On Wed, Feb 26, 2014 at 12:50 PM, Erik Hesselink <hesselink@gmail.com> wrote:
On Wed, Feb 26, 2014 at 10:56 AM, Michael Snoyman <michael@snoyman.com> wrote:
> On Wed, Feb 26, 2014 at 10:36 AM, John Lato <jwlato@gmail.com> wrote:
>> Upper bounds lead to a better user experience.
>
> That's what I'm disagreeing with. I do not believe that, overall, the PVP is
> giving users a better experience. I've had a huge downturn in reported
> errors with Yesod since I stopped strictly following the PVP. It's
> anecdotal, but everything in this thread is really anecdotal.

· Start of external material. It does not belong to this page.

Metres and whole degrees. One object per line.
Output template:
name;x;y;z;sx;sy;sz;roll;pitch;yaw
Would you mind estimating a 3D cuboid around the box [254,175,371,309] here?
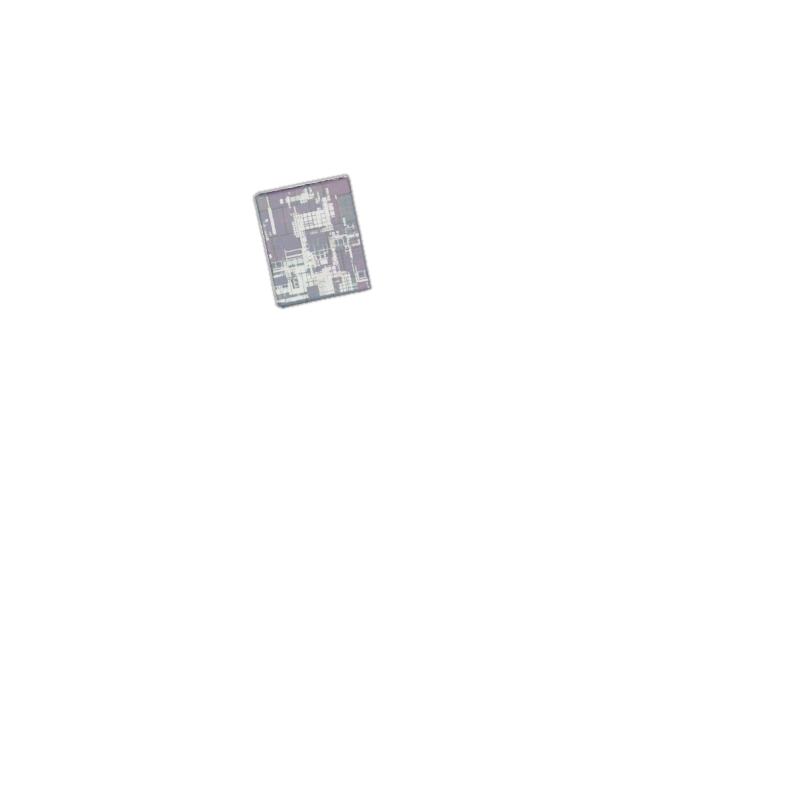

But you also tell people to use stackage and yesod-platform, which
fixes a lot of packages to a specific version, IIRC. That means that
not having upper bounds is kind of moot.

As a counter-anecdote, almost all build-related problems we've had in
the past year have been (http-)conduit or tls related, due to the lack
of upper bounds.

Erik

That's a fair point, I left out X factors in this analysis. So I'll say something else instead: back when I followed strict PVP compliance, I still got a lot of reports of broken builds, and my maintenance overhead was very high. Since I dropped PVP compliance and implemented alternative solutions, the reports I've received have gone down dramatically, and I spend far less time on maintenance.

So color me unconvinced that the PVP really made a big difference in users' experiences.